Once you’ve moved beyond these resources, the best next level is to read survey papers (like Boneh’s coverage of RSA) in the specific area you’re interested in. If you have your own favorite resources for intermediate cryptography, let me know in the comments below.

Shatner on the future of microchips

June 9, 2011June 6, 2011 ~ Nate Lawson ~ 5 Comments

AT&T recently published a lot of videos from their archives. I particularly like this video with William Shatner discussing the magic of the microchip. In hindsight, its view of the future is revealing.

First, it’s still a good introduction to how chips are produced. It shows an automated test machine, wire-bonding, and hand-soldering boards. It also shows microscopic views of a 5 micron circuit and a nice animation of clock pulses and gates. All of these processes are basically the same today, just more sophisticated.

On the flip side, its prediction about the computerization of telephones revolutionizing society has come and gone. Wired telephones connected to smart central computers have been surpassed by smart cellphones.

This video also reminded me how there once were more women in technology. Computer science was originally considered a branch of math, and women have often excelled at mathematics. When this video was made in 1980, women made up about 41% of computer science freshmen. That had dropped to about 12.5% by 2007. If you look at the graph from that article, it seems that women participated almost equally in the early 80’s computer craze but sat out the Dotcom boom.
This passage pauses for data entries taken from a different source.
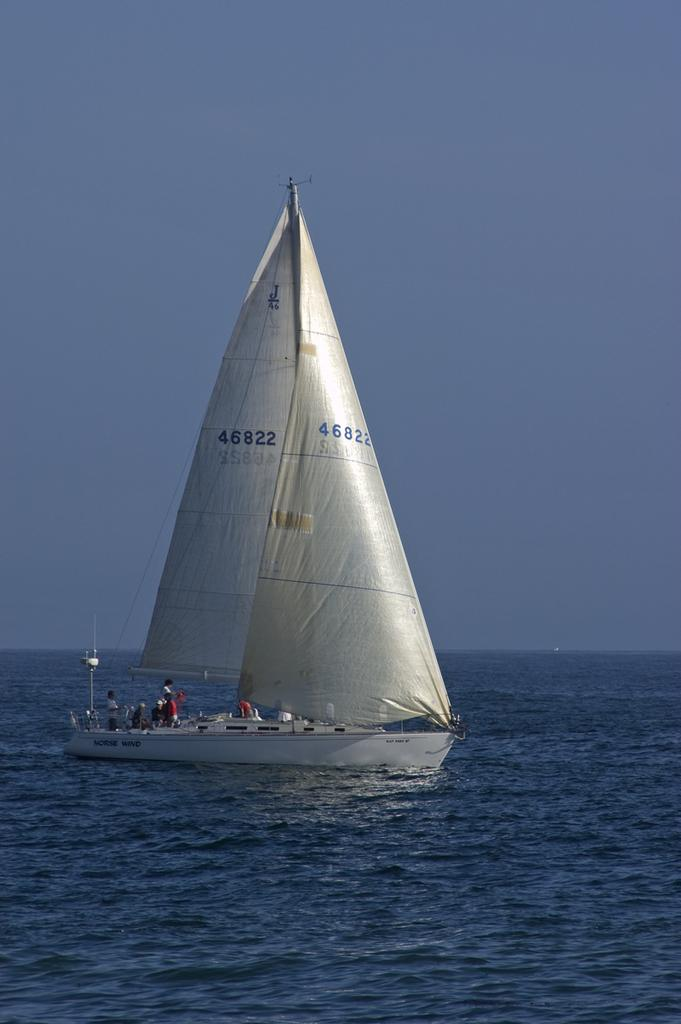What are the people doing in the image? The people are on a boat in the image. Where is the boat located? The boat is on the water. What can be seen in the background of the image? The sky is visible behind the boat. What type of pear is being used as a rudder for the boat in the image? There is no pear present in the image, and the boat does not have a pear as a rudder. 
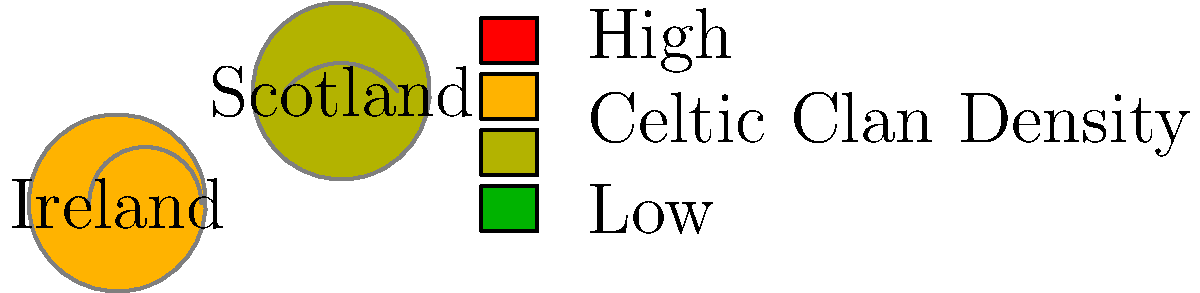Based on the heat map overlay on the topographical map of Ireland and Scotland, which region appears to have a higher concentration of Celtic clans, and what geographical features might have influenced this distribution? To answer this question, we need to analyze the heat map and topographical features presented in the image:

1. Heat map analysis:
   - Ireland is shown in orange, indicating a higher concentration of Celtic clans.
   - Scotland is depicted in yellow-green, suggesting a relatively lower concentration.

2. Topographical features:
   - Both Ireland and Scotland have topographical lines, representing elevation changes.
   - Ireland appears to have more pronounced topographical features, particularly in the central and western regions.

3. Geographical influence:
   - Ireland's higher concentration of Celtic clans could be attributed to:
     a) Its island geography, which may have isolated and preserved Celtic culture.
     b) The varied topography, providing natural defenses and distinct regional identities.

4. Historical context:
   - Ireland experienced less Roman influence compared to Scotland, potentially allowing for greater preservation of Celtic traditions.
   - The mountainous regions in both countries likely served as strongholds for Celtic clans, resisting external influences.

5. Comparative analysis:
   - While Scotland also has a significant Celtic heritage, the lower concentration shown might be due to:
     a) Greater external influences, including Roman, Anglo-Saxon, and Norse invasions.
     b) A larger landmass, potentially leading to more dispersed clan settlements.

Given these factors, Ireland appears to have a higher concentration of Celtic clans, likely influenced by its island geography, varied topography, and relative isolation from external influences compared to Scotland.
Answer: Ireland; island geography and varied topography 
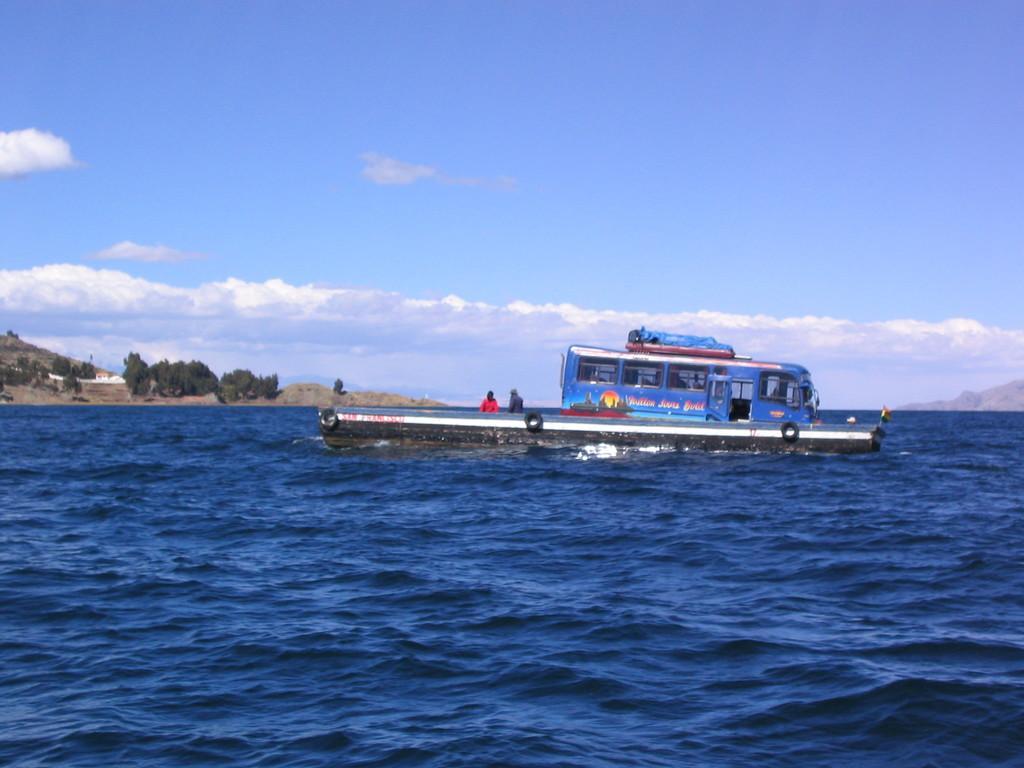Could you give a brief overview of what you see in this image? In the foreground of the picture there is water, in the water there is a boat. On the left there is land and trees. Sky is bit cloudy and it is sunny. On the right there is a hill. 
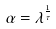<formula> <loc_0><loc_0><loc_500><loc_500>\alpha = \lambda ^ { \frac { 1 } { \tau } }</formula> 
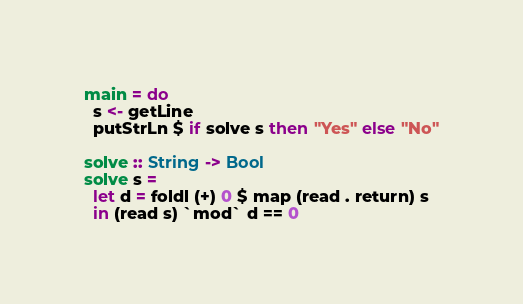<code> <loc_0><loc_0><loc_500><loc_500><_Haskell_>main = do
  s <- getLine
  putStrLn $ if solve s then "Yes" else "No"
 
solve :: String -> Bool
solve s = 
  let d = foldl (+) 0 $ map (read . return) s
  in (read s) `mod` d == 0</code>

I’m still not sure about all the causes of this, but it is a troubling trend. Any time half of your intelligence sits on the bench, you’re going to be at a disadvantage to other countries. Some studies have shown Chinese women have a more positive view of computers than other cultures. Additionally, all enrollment in computer science is lower as a percentage than at any time since the 1970’s.

What can be done to increase interest in computer science among all students and especially women?